Instructions for the task: Transcribe the entries that come next exactly, but not the pictures they contain.

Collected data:
>>>

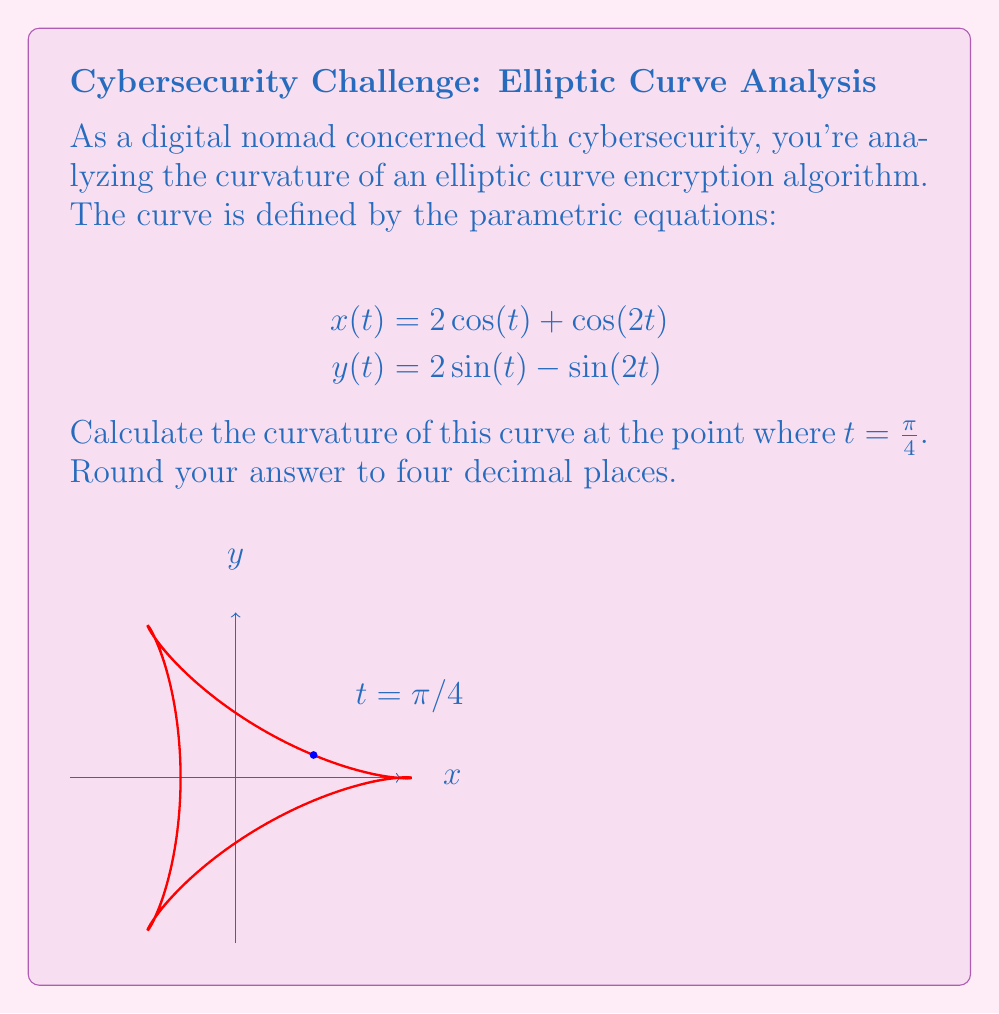Can you answer this question? To find the curvature, we'll use the formula:

$$\kappa = \frac{|x'y'' - y'x''|}{(x'^2 + y'^2)^{3/2}}$$

Step 1: Calculate the first derivatives
$$x'(t) = -2\sin(t) - 2\sin(2t)$$
$$y'(t) = 2\cos(t) - 2\cos(2t)$$

Step 2: Calculate the second derivatives
$$x''(t) = -2\cos(t) - 4\cos(2t)$$
$$y''(t) = -2\sin(t) + 4\sin(2t)$$

Step 3: Evaluate the derivatives at $t = \frac{\pi}{4}$
$$x'(\frac{\pi}{4}) = -2\sin(\frac{\pi}{4}) - 2\sin(\frac{\pi}{2}) = -\sqrt{2} - 2$$
$$y'(\frac{\pi}{4}) = 2\cos(\frac{\pi}{4}) - 2\cos(\frac{\pi}{2}) = \sqrt{2}$$
$$x''(\frac{\pi}{4}) = -2\cos(\frac{\pi}{4}) - 4\cos(\frac{\pi}{2}) = -\sqrt{2}$$
$$y''(\frac{\pi}{4}) = -2\sin(\frac{\pi}{4}) + 4\sin(\frac{\pi}{2}) = -\sqrt{2} + 4$$

Step 4: Calculate the numerator of the curvature formula
$$|x'y'' - y'x''| = |(-\sqrt{2} - 2)(-\sqrt{2} + 4) - \sqrt{2}(-\sqrt{2})|$$
$$= |(2\sqrt{2} + 4 - 4\sqrt{2} - 8) + 2| = |-2\sqrt{2} - 2| = 2\sqrt{2} + 2$$

Step 5: Calculate the denominator of the curvature formula
$$(x'^2 + y'^2)^{3/2} = ((-\sqrt{2} - 2)^2 + (\sqrt{2})^2)^{3/2}$$
$$= (4 + 4\sqrt{2} + 4 + 2)^{3/2} = (10 + 4\sqrt{2})^{3/2}$$

Step 6: Compute the final curvature
$$\kappa = \frac{2\sqrt{2} + 2}{(10 + 4\sqrt{2})^{3/2}} \approx 0.2679$$
Answer: 0.2679

<<<

Task solution:
Can you answer this question? To find the curvature, we'll use the formula:

$$\kappa = \frac{|x'y'' - y'x''|}{(x'^2 + y'^2)^{3/2}}$$

Step 1: Calculate the first derivatives
$$x'(t) = -2\sin(t) - 2\sin(2t)$$
$$y'(t) = 2\cos(t) - 2\cos(2t)$$

Step 2: Calculate the second derivatives
$$x''(t) = -2\cos(t) - 4\cos(2t)$$
$$y''(t) = -2\sin(t) + 4\sin(2t)$$

Step 3: Evaluate the derivatives at $t = \frac{\pi}{4}$
$$x'(\frac{\pi}{4}) = -2\sin(\frac{\pi}{4}) - 2\sin(\frac{\pi}{2}) = -\sqrt{2} - 2$$
$$y'(\frac{\pi}{4}) = 2\cos(\frac{\pi}{4}) - 2\cos(\frac{\pi}{2}) = \sqrt{2}$$
$$x''(\frac{\pi}{4}) = -2\cos(\frac{\pi}{4}) - 4\cos(\frac{\pi}{2}) = -\sqrt{2}$$
$$y''(\frac{\pi}{4}) = -2\sin(\frac{\pi}{4}) + 4\sin(\frac{\pi}{2}) = -\sqrt{2} + 4$$

Step 4: Calculate the numerator of the curvature formula
$$|x'y'' - y'x''| = |(-\sqrt{2} - 2)(-\sqrt{2} + 4) - \sqrt{2}(-\sqrt{2})|$$
$$= |(2\sqrt{2} + 4 - 4\sqrt{2} - 8) + 2| = |-2\sqrt{2} - 2| = 2\sqrt{2} + 2$$

Step 5: Calculate the denominator of the curvature formula
$$(x'^2 + y'^2)^{3/2} = ((-\sqrt{2} - 2)^2 + (\sqrt{2})^2)^{3/2}$$
$$= (4 + 4\sqrt{2} + 4 + 2)^{3/2} = (10 + 4\sqrt{2})^{3/2}$$

Step 6: Compute the final curvature
$$\kappa = \frac{2\sqrt{2} + 2}{(10 + 4\sqrt{2})^{3/2}} \approx 0.2679$$
Answer: 0.2679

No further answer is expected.